Reports of several authors (Lynn and Brock 1969; Pope and Pyatt 1984) that lipids would make the chloroplast difficult to be visualized have not been encountered in our study. When applying Sudan IV, a selective stain for lipids, no particular coloration was found. Moreover, the TEM data did not give any signs on the occurrence of lipid bodies as observed in other green algae from extreme habitats (Holzinger and Lütz 2006; Remias et al. 2005, 2009).

At the moment, little is known about the vacuolar purple pigmentation in Z. ericetorum. Despite the purple coloration has been mentioned already by Lagerheim (1895), no detailed analysis of these compounds is available. The assumption that the compounds are water-soluble anthocyanins (Alston 1958) has never been proven. There are also speculations about the occurrence of a pigment composed of ferric ions and gallo-tannins (Allen and Alston 1959). Gallo-tannins have been confirmed by NMR in the related genus Spirogyra sp. (Nishizawa et al. 1985). Recently, Remias et al. (2009) reported on similar substances in Mesotaenium berggrenii, ice algae from alpine glaciers. Probably, these pigments could play a role in protecting the chloroplasts against excessive irradiation. In Z. ericetorum, the first UV-absorbing compound (retention time 7.9 min) absorbed in the UV-A and UV-B range and the second (retention time 18.7 min) in the UV-B range. The first compound with slight absorption also into the visible range up to ∼460 nm might be related to the purple pigmentation, whereas the second cannot be related due to the spectral characteristics.
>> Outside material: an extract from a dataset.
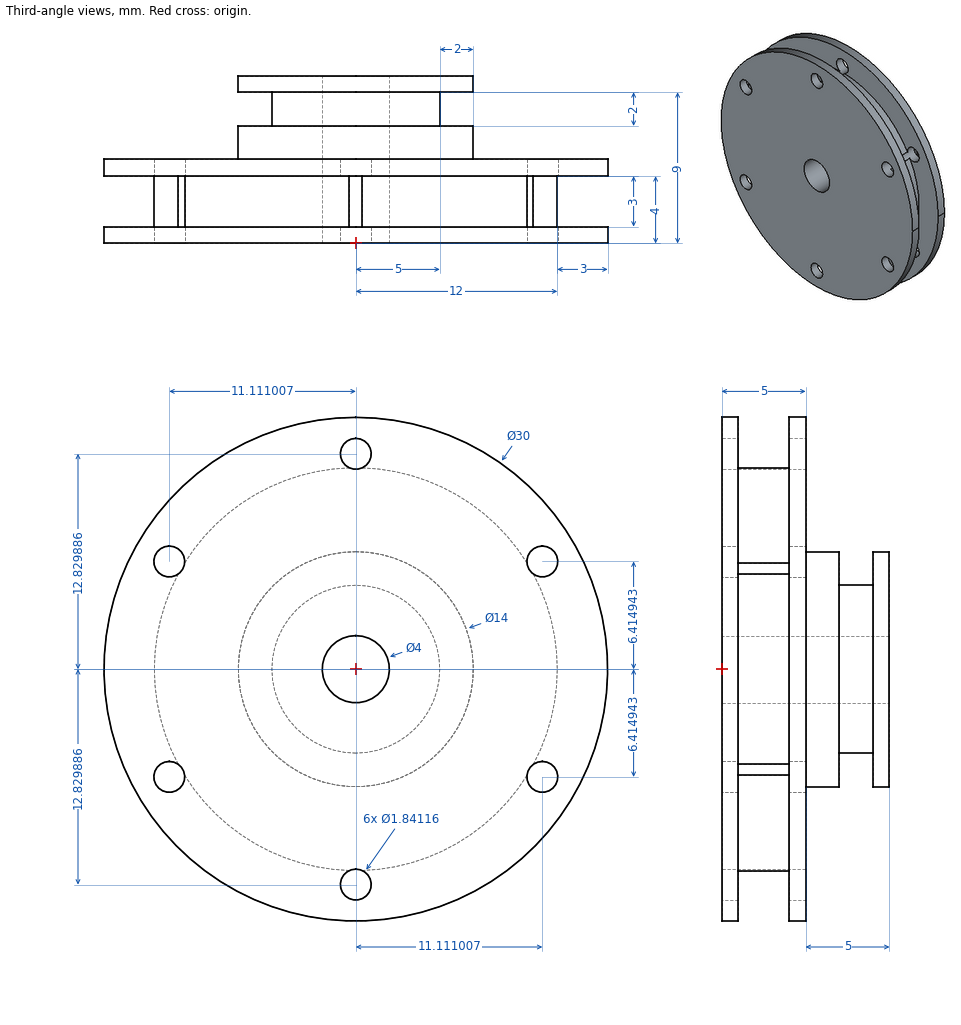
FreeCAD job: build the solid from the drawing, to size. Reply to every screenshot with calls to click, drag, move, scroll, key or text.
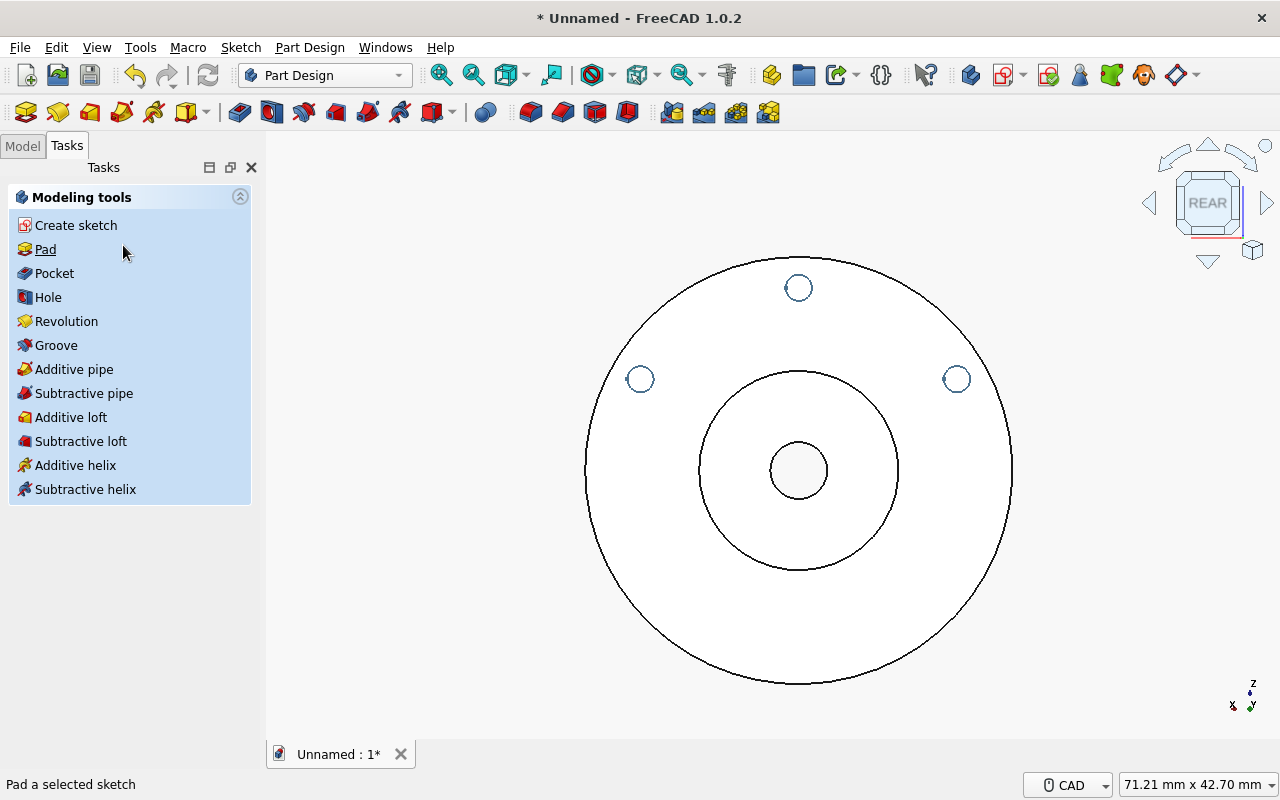
click(240, 112)

Taken together, our observations demonstrated, besides the general cytoarchitecture, that desiccated samples of Z. ericetorum were able to maintain a chloroplast with thylakoid membranes, and a nucleus. The detailed mechanisms are not yet elucidated; however, similar strategies like in other green algae (Holzinger 2009) or other desiccation-tolerant organisms (Alpert 2006) are to be expected. Further investigations, especially concerning the soluble carbohydrate contents, as well as detailed characterization of the desiccation status would enhance our understanding of the adaptation strategies of this desiccation-tolerant organism.